"Goodbyes" is a song by American rapper and singer Post Malone featuring fellow American rapper and singer Young Thug. It was released as the second single from Malone's third studio album, Hollywood's Bleeding, via Republic Records on July 5, 2019, one day after Malone's 24th birthday. The song was written by the artists, Billy Walsh, Val Blavatnik, Jessie Foutz, and producers Brian Lee & Louis Bell It became Malone's seventh top 10 on the US Billboard Hot 100, as well as his sixth number-one on Billboard's Rhythmic chart. Along with "Sunflower" and "Wow", Malone achieved three consecutive US Rhythmic No. 1s to come from one album (Hollywood's Bleeding), and was the first time the feat was achieved after Drake's Scorpion spawned three chart leaders in 2018.

Composition
The song talks about the end of a relationship, and was called "melodic" by Rap-Up, on which Post Malone sings the chorus: "I want you out of my head / I want you out of my bedroom tonight / There's no way I could save you / 'Cause I need to be saved too / I'm no good at goodbyes."

Promotion
Post Malone announced the track and its feature and release date on social media on July 1, 2019, sharing an image styled like a film poster for the song, featuring the tagline "Too Much Pleasure Is Pain", a line from the song. He then revealed the cover art of the song on social media on July 2. He then posted a snippet of the beginning of the video of him being stabbed and killed by the enemy team on July 3. The music video was published on the day of the song's release on July 5 and the lyric video was published three days after on July 8.

Music video
The original "R" rated music video was released alongside the song on July 5, and directed by Colin Tilley.
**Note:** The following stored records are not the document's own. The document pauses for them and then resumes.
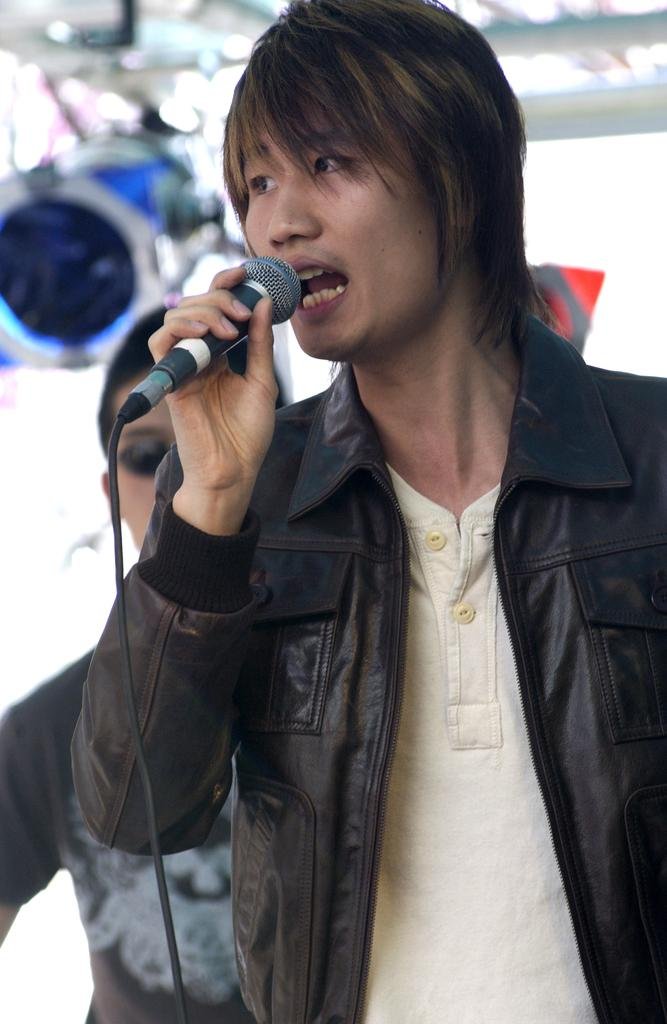What is the man in the image holding? The man is holding a microphone. What type of clothing is the man wearing on his upper body? The man is wearing a black jacket and a cream-colored t-shirt. What type of quartz can be seen in the image? There is no quartz present in the image. What is the aftermath of the event in the image? There is no event or aftermath mentioned in the provided facts about the image. 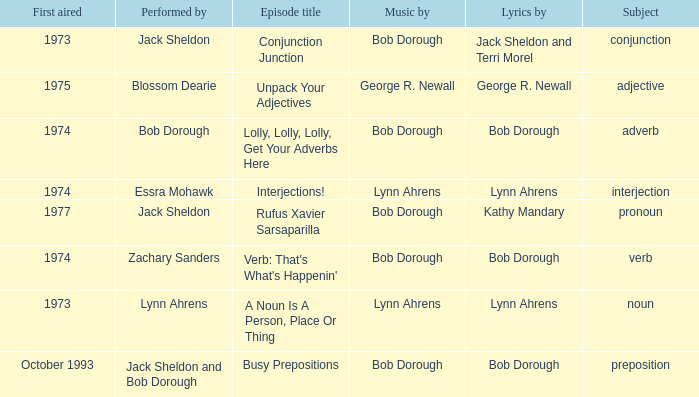I'm looking to parse the entire table for insights. Could you assist me with that? {'header': ['First aired', 'Performed by', 'Episode title', 'Music by', 'Lyrics by', 'Subject'], 'rows': [['1973', 'Jack Sheldon', 'Conjunction Junction', 'Bob Dorough', 'Jack Sheldon and Terri Morel', 'conjunction'], ['1975', 'Blossom Dearie', 'Unpack Your Adjectives', 'George R. Newall', 'George R. Newall', 'adjective'], ['1974', 'Bob Dorough', 'Lolly, Lolly, Lolly, Get Your Adverbs Here', 'Bob Dorough', 'Bob Dorough', 'adverb'], ['1974', 'Essra Mohawk', 'Interjections!', 'Lynn Ahrens', 'Lynn Ahrens', 'interjection'], ['1977', 'Jack Sheldon', 'Rufus Xavier Sarsaparilla', 'Bob Dorough', 'Kathy Mandary', 'pronoun'], ['1974', 'Zachary Sanders', "Verb: That's What's Happenin'", 'Bob Dorough', 'Bob Dorough', 'verb'], ['1973', 'Lynn Ahrens', 'A Noun Is A Person, Place Or Thing', 'Lynn Ahrens', 'Lynn Ahrens', 'noun'], ['October 1993', 'Jack Sheldon and Bob Dorough', 'Busy Prepositions', 'Bob Dorough', 'Bob Dorough', 'preposition']]} When the topic is interjection, how many actors are present? 1.0. 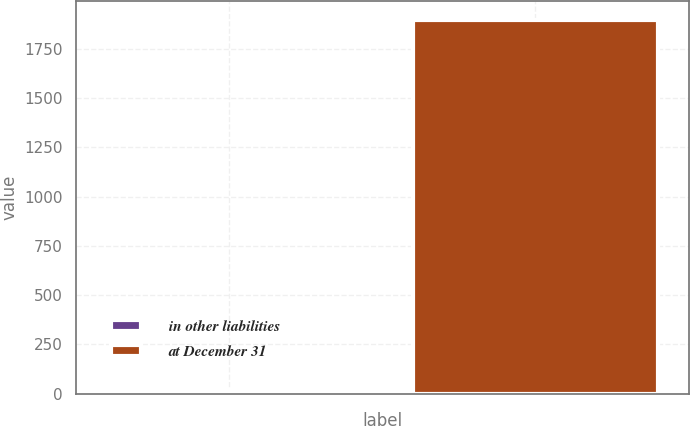Convert chart. <chart><loc_0><loc_0><loc_500><loc_500><bar_chart><fcel>in other liabilities<fcel>at December 31<nl><fcel>13<fcel>1897<nl></chart> 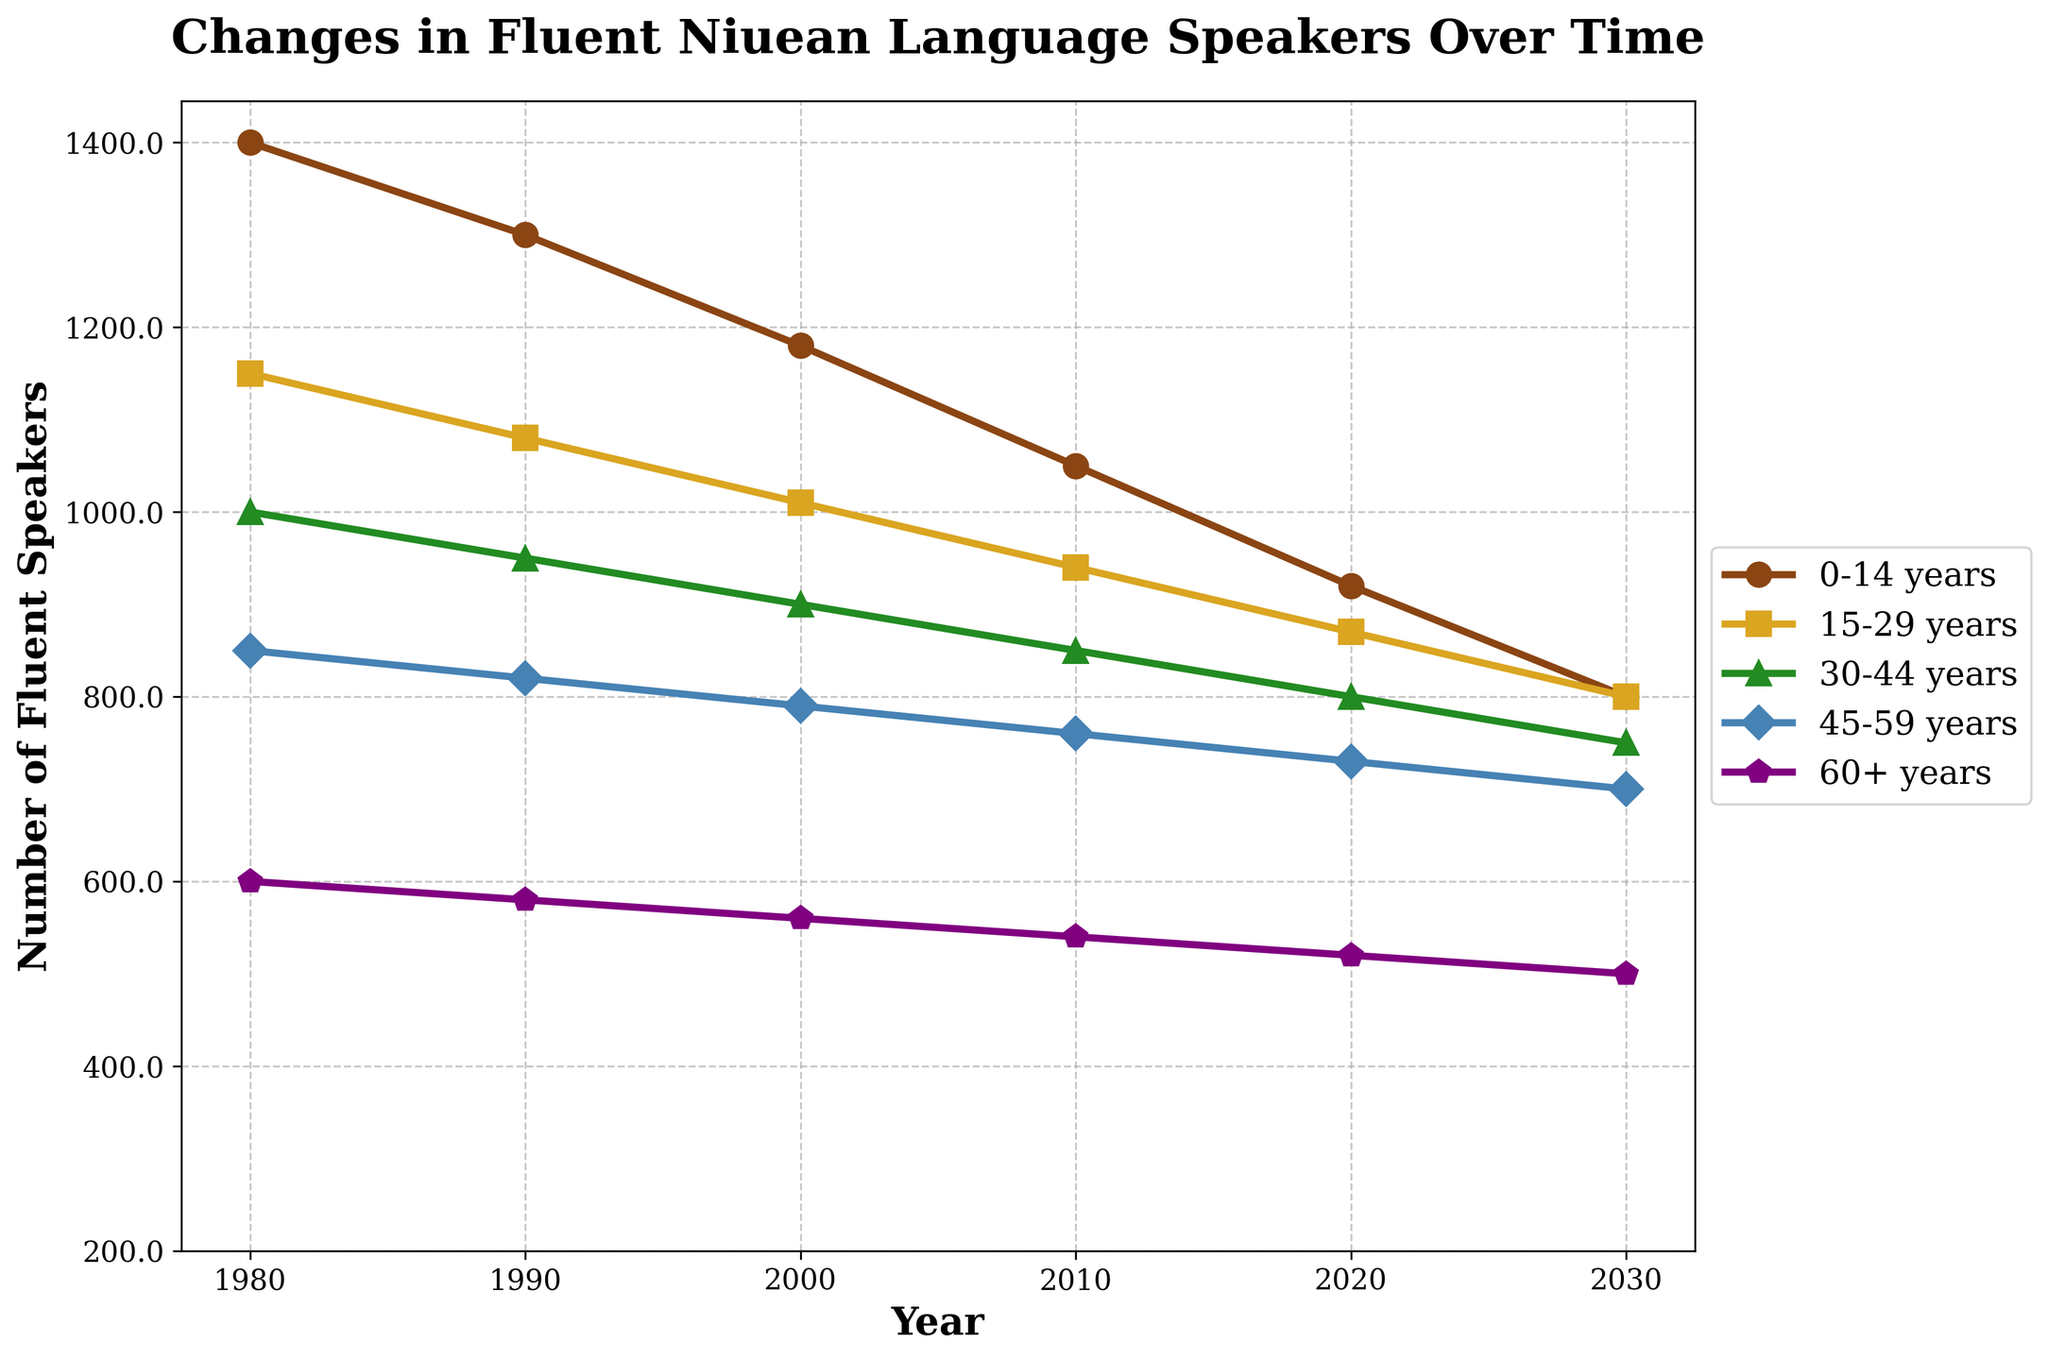What is the overall trend in the number of fluent Niuean speakers aged 0-14 years from 1980 to 2030? To find the trend, observe the line representing the 0-14 years age group. It begins at 1200 in 1980 and decreases steadily over time, reaching 600 in 2030. This indicates a consistent downward trend.
Answer: Decreasing In which year did the number of fluent speakers aged 60+ years drop below 400? Look at the line for the 60+ years age group and check the values for each year. The number is 400 in 1980 and decreases to 380 in 1990, which is the first drop below 400.
Answer: 1990 Which age group experienced the smallest decrease in the number of fluent speakers between 1980 and 2030? Calculate the difference for each age group: 
0-14 years: 1200 - 600 = 600
15-29 years: 950 - 600 = 350
30-44 years: 800 - 550 = 250
45-59 years: 650 - 500 = 150
60+ years: 400 - 300 = 100
The 60+ years age group experienced the smallest decrease, with a reduction of 100 speakers.
Answer: 60+ years By how much did the number of fluent speakers aged 0-14 years change from 1990 to 2020? Subtract the number in 2020 from the number in 1990: 1100 - 720 = 380. The change is a decrease of 380 speakers.
Answer: 380 Which age group had the steepest decline between 1980 and 2030? Calculate the slope (difference in value divided by difference in years) for each group:
0-14 years: (600 - 1200) / (2030 - 1980) = -600 / 50 = -12
15-29 years: (600 - 950) / 50 = -7
30-44 years: (550 - 800) / 50 = -5
45-59 years: (500 - 650) / 50 = -3
60+ years: (300 - 400) / 50 = -2
The 0-14 years group had the steepest decline with a slope of -12.
Answer: 0-14 years In which year are all age groups expected to have fewer than 600 fluent speakers? Observe the intersection points where each group's line falls below 600. All age groups fall below 600 by the year 2030.
Answer: 2030 How many fluent speakers in total were there across all age groups in 1980? Sum the values of all age groups for the year 1980:
1200 (0-14) + 950 (15-29) + 800 (30-44) + 650 (45-59) + 400 (60+) = 4000.
Answer: 4000 Between which consecutive decades did the age group 0-14 years experience the largest absolute drop in the number of fluent speakers? Calculate the drop between consecutive intervals:
1980-1990: 1200 - 1100 = 100
1990-2000: 1100 - 980 = 120
2000-2010: 980 - 850 = 130
2010-2020: 850 - 720 = 130
2020-2030: 720 - 600 = 120
The drops between 2000-2010 and 2010-2020 are tied at 130.
Answer: 2000-2010, 2010-2020 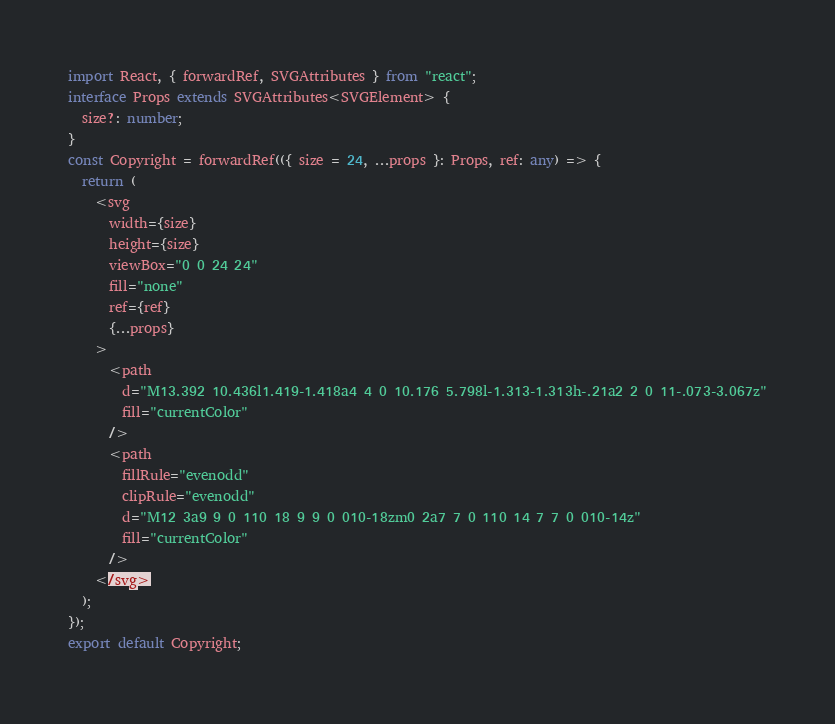<code> <loc_0><loc_0><loc_500><loc_500><_TypeScript_>import React, { forwardRef, SVGAttributes } from "react";
interface Props extends SVGAttributes<SVGElement> {
  size?: number;
}
const Copyright = forwardRef(({ size = 24, ...props }: Props, ref: any) => {
  return (
    <svg
      width={size}
      height={size}
      viewBox="0 0 24 24"
      fill="none"
      ref={ref}
      {...props}
    >
      <path
        d="M13.392 10.436l1.419-1.418a4 4 0 10.176 5.798l-1.313-1.313h-.21a2 2 0 11-.073-3.067z"
        fill="currentColor"
      />
      <path
        fillRule="evenodd"
        clipRule="evenodd"
        d="M12 3a9 9 0 110 18 9 9 0 010-18zm0 2a7 7 0 110 14 7 7 0 010-14z"
        fill="currentColor"
      />
    </svg>
  );
});
export default Copyright;
</code>

It features Malone playing a gang member who dies after being repeatedly stabbed in graphic fashion by a member of a rival gang, before rising from the dead in a graveyard. Young Thug and actress Kathryn Newton also appear in the video. Due to this, YouTube made the video age-restricted. A "PG" version was released on July 7 which omits the graphic sequence. It has over 218 million views as of March 2021.

Personnel
Credits adapted from Post Malone's Twitter and Tidal.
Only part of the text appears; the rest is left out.